There's also obvious moral hazard with this model. It's kinda like the fox
guarding the hen house. Having the same department be code writer, operations
and auditor seems like an awful Idea. If one has a tight dead line, they're
going to cut corners. We've all seen it.

This model can only exist in a start-up because of man power constraints. Your
first few hires are going to be amazing and may actually be capable of such a
role. However, as time goes on, this person has built a castle that can't be
touched. You're also going to find that as a company grows, the spread of
aptitude and skill grows wider, making this model seem absolutely absurd. The
simple chaotic environment that your """"secdevops"""" started in will not be
the same two years from now. Newer employees are going to lack contextual
knowledge due to the increased complexity and by the simple fact that they
didn't build it.

In practice, most people are partly responsible for keeping the organization
secure. This isn't news...

in other news, Yay! a new buzz word.

------
gregshap
I'm blown away by the author's ability to fit so many buzzwords into so little
content.

------
bsamuels
I think that calling this a marriage between DevOps and SecOps is a serious
misnomer.

Traditionally, SecOps people are very IT oriented, and spend their time
auditing existing infrastructure for vulnerabilities using automated tools,
watching for hostile network traffic, etc. Very little programming or
application security knowledge is required, but lots of networking and IT
knowledge is required.

I assume that by SecOps, the OP is referring to Application Security
Engineering. This field works much closer to the developers, has knowledge of
how to build security into products, and usually has programming experience.

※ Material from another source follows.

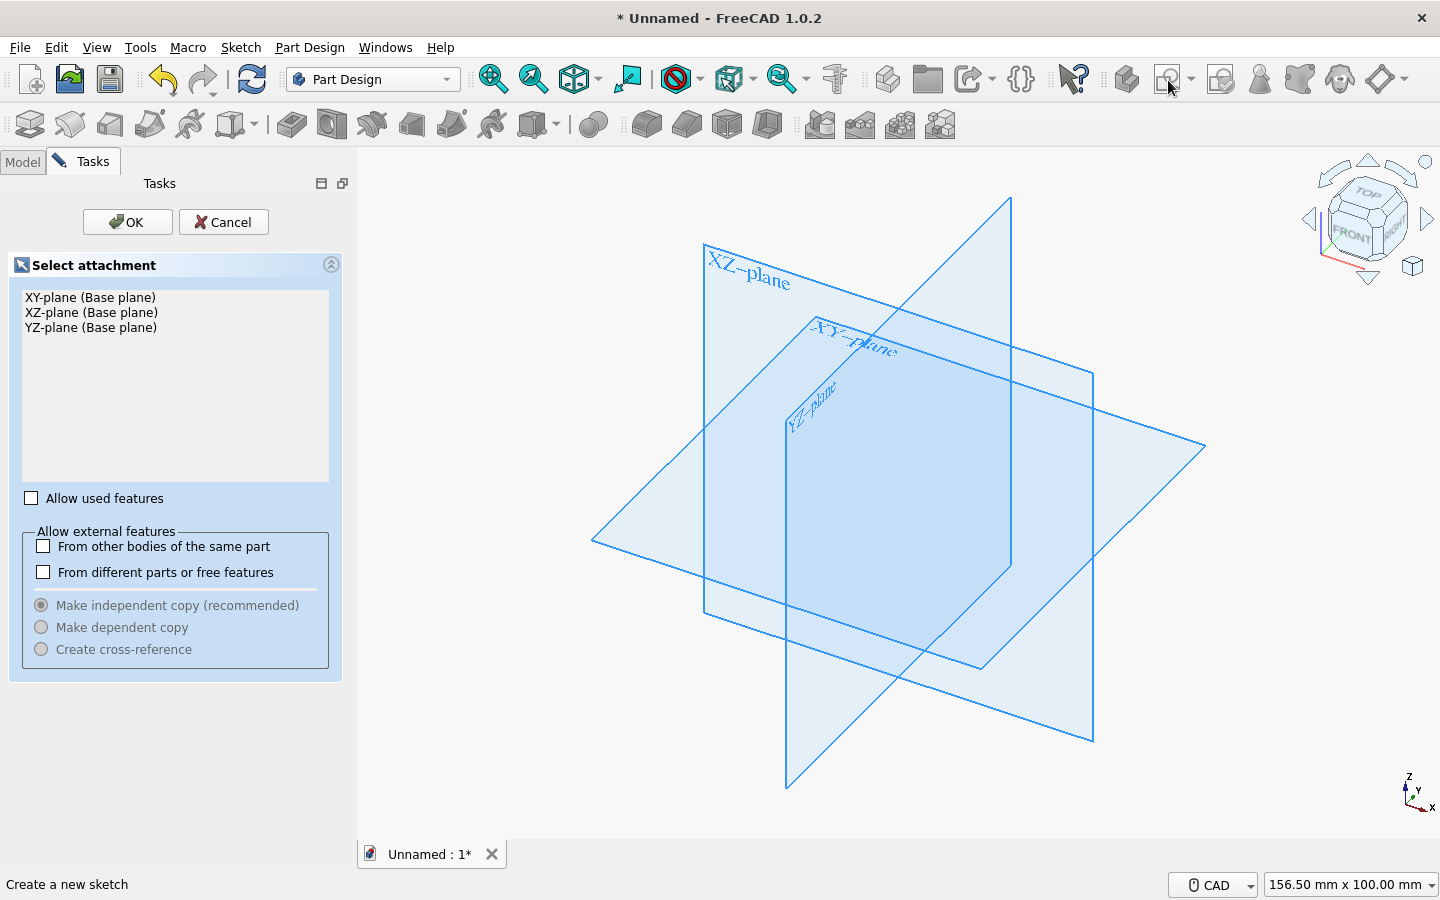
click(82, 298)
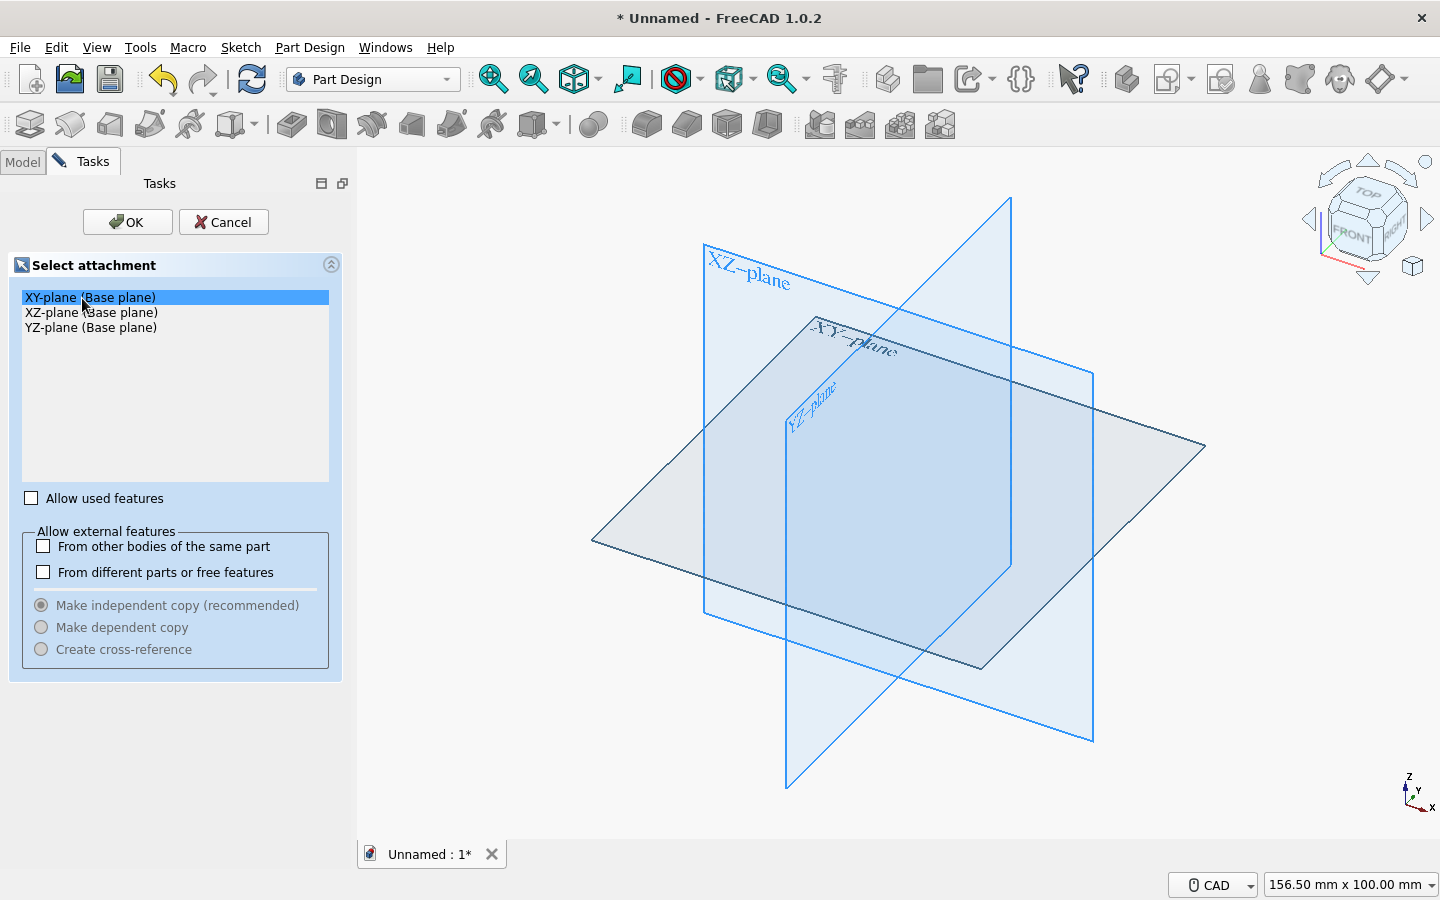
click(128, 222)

This might seem like a nitpick, but the difference between SecOps people and
AppSec people is big enough that if you were to hire the one for the other's
job, you'd have a very bad time.

I'm not sure what a more accurate name would be (AppSecOps? AppSecDevOps?),
however calling it DevSecOps is too misleading.

------
robk
This seems like a pretty good development overall - more people looking at
application security across the org is a good thing imo especially if it can
provide another layer of defence for where the app developers missed something
or around new vulnerabilities just discovered. Even for things like Wordpress,
I like the additional hardening of a WAF and with tools like OSSEC (and
eventually more advanced tools like Immunio) on top of the usual app
hardening.